When the conveying medium density is one, the design based on the above calculation formula and the product width of the impeller outlet can make the pump maintain a high flow rate and efficiency. The vacuum discharge pump is widely used in petroleum, daily chemical, grain and oil, medicine and other industries. The evaporator circulation pump is a large flow, low head axial flow pump, which is specially used for the forced circulation of evaporators in ammonium phosphate, phosphoric acid vacuum salt production, alumina, caustic soda, light industry and other industries. The negative pressure pump is a micro vacuum pump. Because it has one intake and one exhaust nozzle and one exhaust nozzle, and can continuously form vacuum or negative pressure at the inlet, a slight positive pressure is formed at the exhaust nozzle. The influence of blade profile is studied. The blade profile is the intersection of the flow surface of the pump impeller and the facet in the thickness of the blade. It is an important problem that can determine the hydromechanical performance of the pump by continuously changing the fluid on the surface of the blade cell as the load of the power system. parameter. It depends on the blade inlet angle, blade outlet angle and blade wrap angle. The profile line near the import of the blades in China has a certain social impact on the pump performance. Properly increasing the hydrodynamic environmental load capacity of the blades on the flow surface of the impeller back cover can help students improve the hydraulic performance of the pump when transporting aggressive media. Here, the conceptual knowledge of the load correlation coefficient is introduced to be analyzed and explained. The greater the pressure difference between the pressure surface and the suction surface of the blade, the more work the blade does to the fluid, and the smaller the relative flow rate of the pressure surface. At this time, the gradient of the reverse pressure change increases, which is prone to cause slippage. According to the different load coefficients on different flow surfaces, the work done by the blades on the fluid on different flow surfaces is also different.

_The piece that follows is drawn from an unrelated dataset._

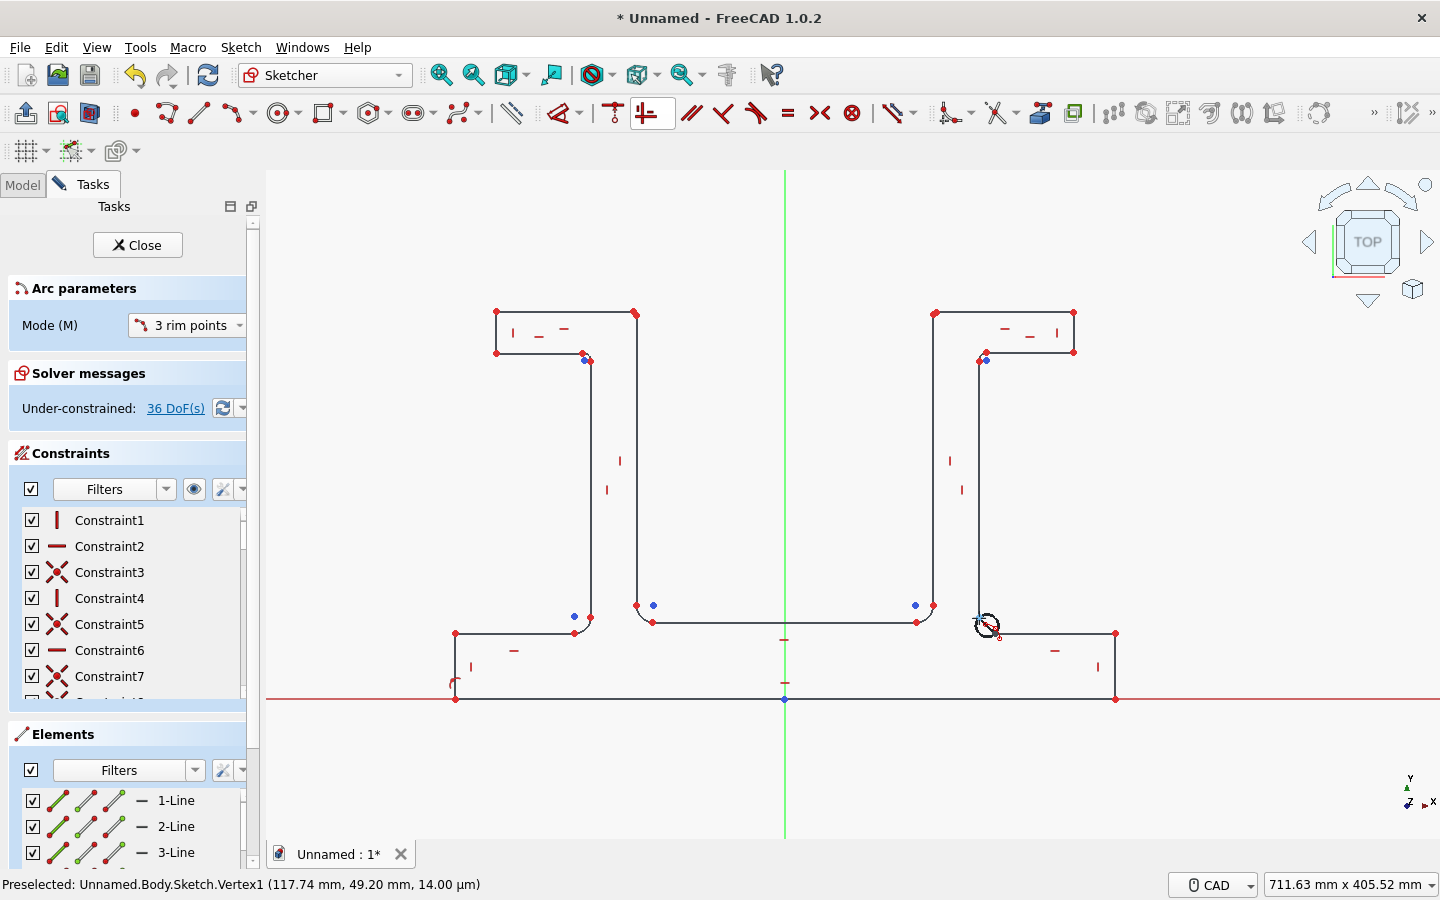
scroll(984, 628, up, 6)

The maximum blade load factor on the flow surface of the rear cover and the load diagram on the flow surface of the front cover of the same radius. The influence of the blade twist angle on the five-blade outlet angle is still blank in the theoretical research at home and abroad, and is currently limited to quantitative analysis through experiments and errors. The effect of vane outlet angle on pump performance varies with the range of conveyed media. Increasing the vane outlet angle can effectively increase the pump head. The pump efficiency of the impeller with large outlet angle is slightly higher than that of the impeller with small outlet angle, and the efficiency curve of the high-efficiency area is relatively flat. However, the effect of the outlet angle on the pump performance is limited, that is, for high-lift media, the impeller with a large outlet angle cannot prevent the sharp reduction of pump efficiency. The advantages of the large outlet angle impeller cannot be fully reflected. When the transport medium Hertz reaches expansion, the pumping efficiency and head drop sharply. The shaft power of the impeller with large outlet angle is significantly higher than that of the impeller with small performanoutlet angle. The effect of vane number on pump ce is non-linear. If the number of blades is too large, the friction loss of the blades increases, the flow channel area decreases, the efficiency decreases, and the cavitation performance deteriorates.